Exercise instructions: Word-for-word transcription needed. Include every entry below but no pictures.

Extracted entries:
==*==
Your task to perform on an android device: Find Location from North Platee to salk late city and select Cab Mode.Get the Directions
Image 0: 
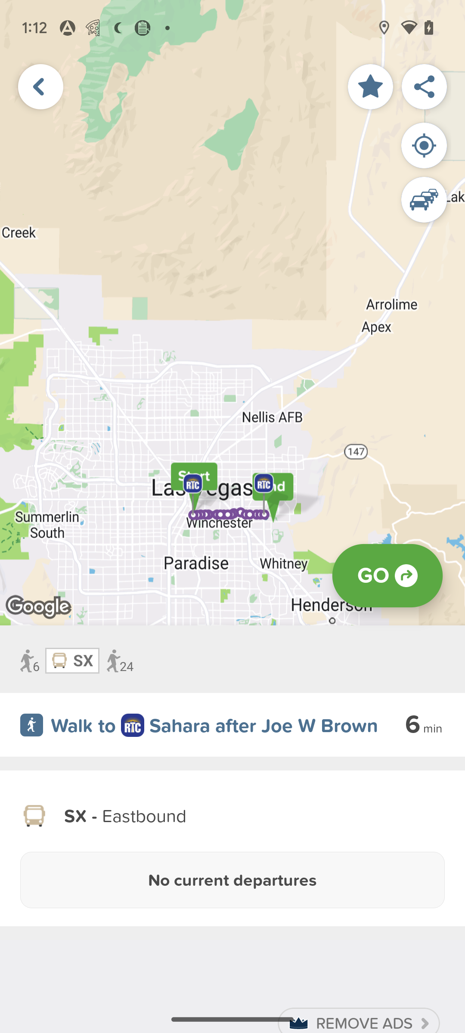
go back to the previous page
Step 0: press back button
Image 1: 
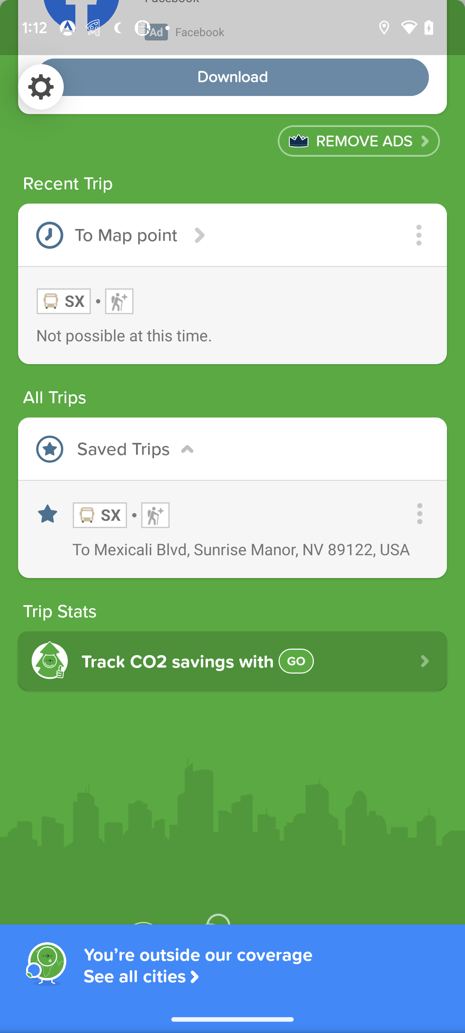
swipe up to view the mode of transport 
Step 1: scroll up
Image 2: 
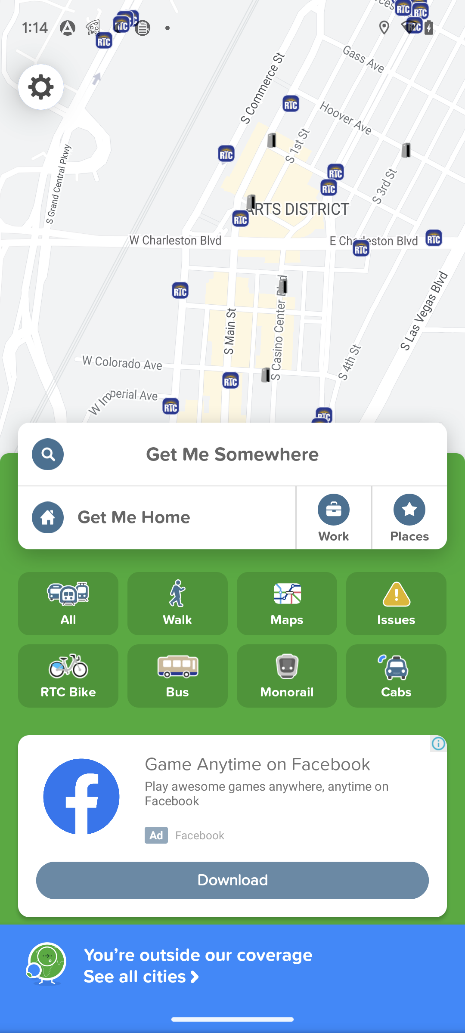
click on the cab mode option
Step 2: click (232, 393)
Image 3: 
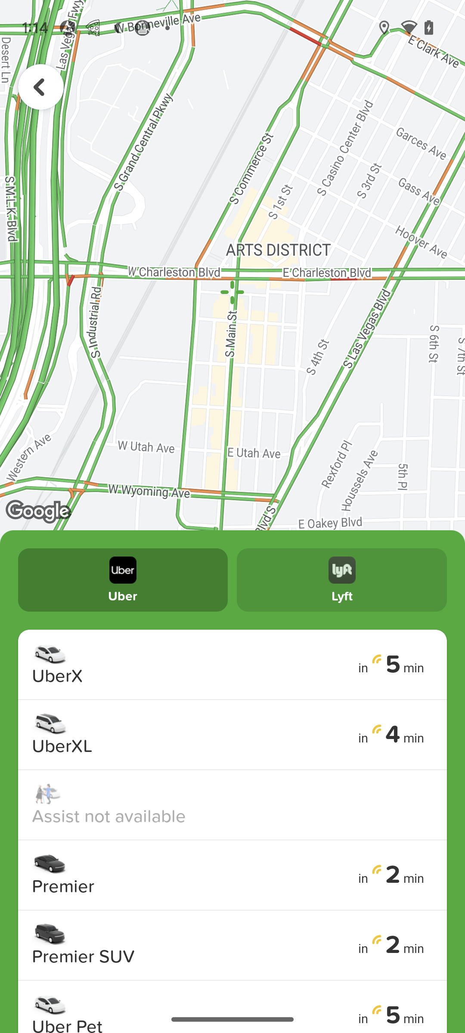
click on the cab mode option
Step 3: wait
Image 4: 
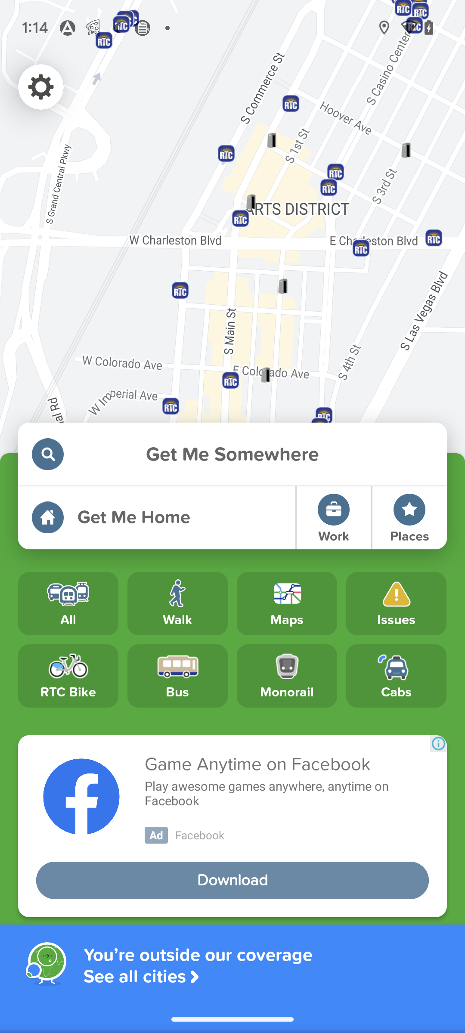
click on the get me somewhere
Step 4: click (232, 454)
Image 5: 
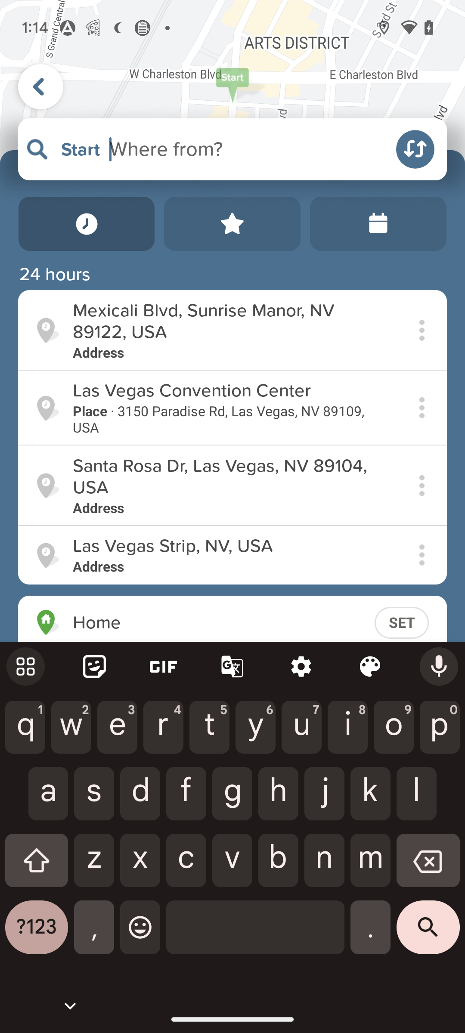
search North platee
Step 5: type "North Platee"
Image 6: 
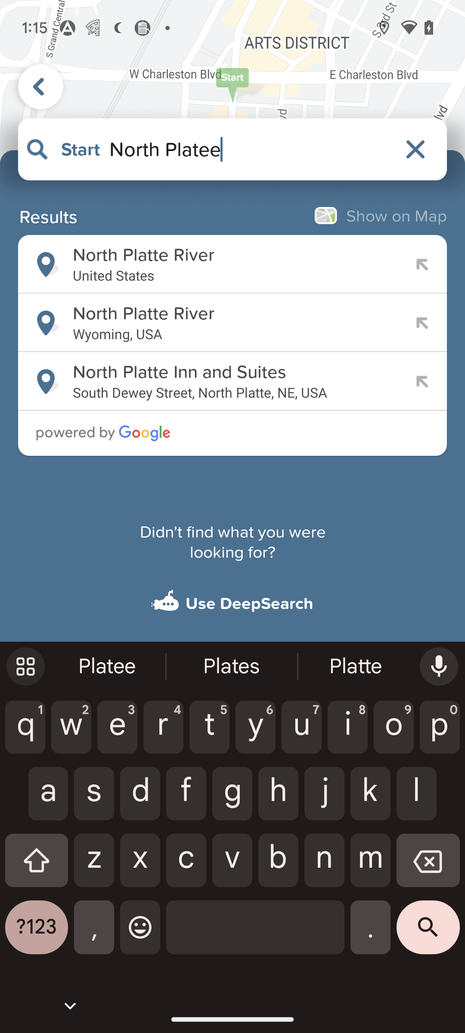
click on third search result 
Step 6: click (226, 372)
Image 7: 
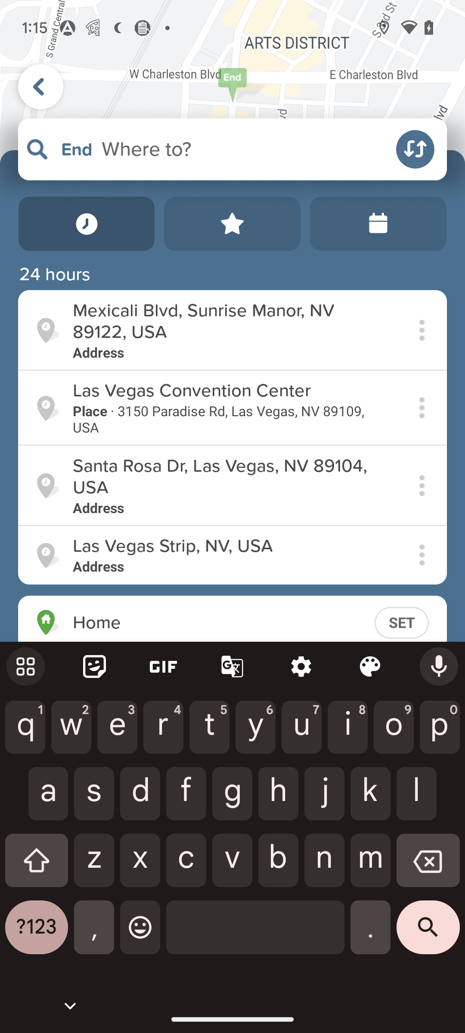
search Salt lake city
Step 7: type "Salt Lake City"
Image 8: 
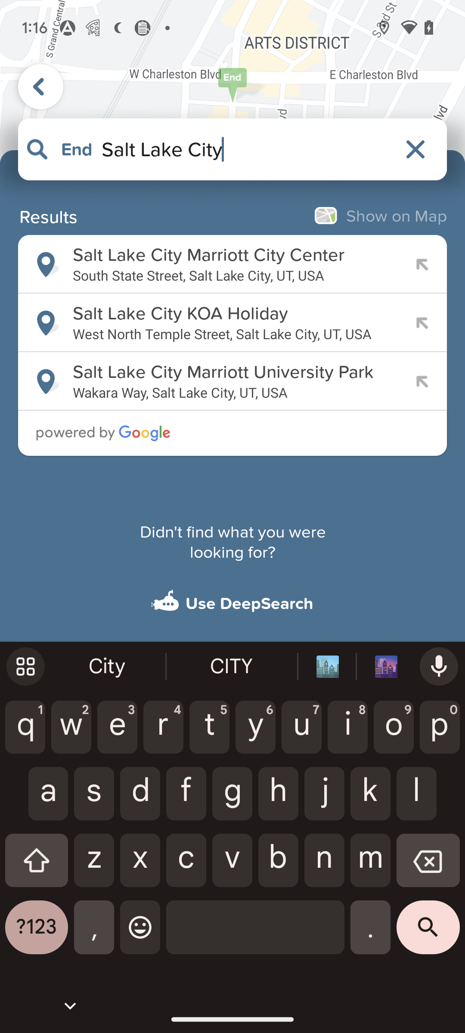
click on the second search result
Step 8: click (226, 313)
==*==
Expected output:
Your task to perform on an android device: Find Location from North Platee to salk late city and select Cab Mode.Get the Directions
Image 0: 
go back to the previous page
Step 0: press back button
Image 1: 
swipe up to view the mode of transport 
Step 1: scroll up
Image 2: 
click on the cab mode option
Step 2: click (232, 393)
Image 3: 
click on the cab mode option
Step 3: wait
Image 4: 
click on the get me somewhere
Step 4: click (232, 454)
Image 5: 
search North platee
Step 5: type "North Platee"
Image 6: 
click on third search result 
Step 6: click (226, 372)
Image 7: 
search Salt lake city
Step 7: type "Salt Lake City"
Image 8: 
click on the second search result
Step 8: click (226, 313)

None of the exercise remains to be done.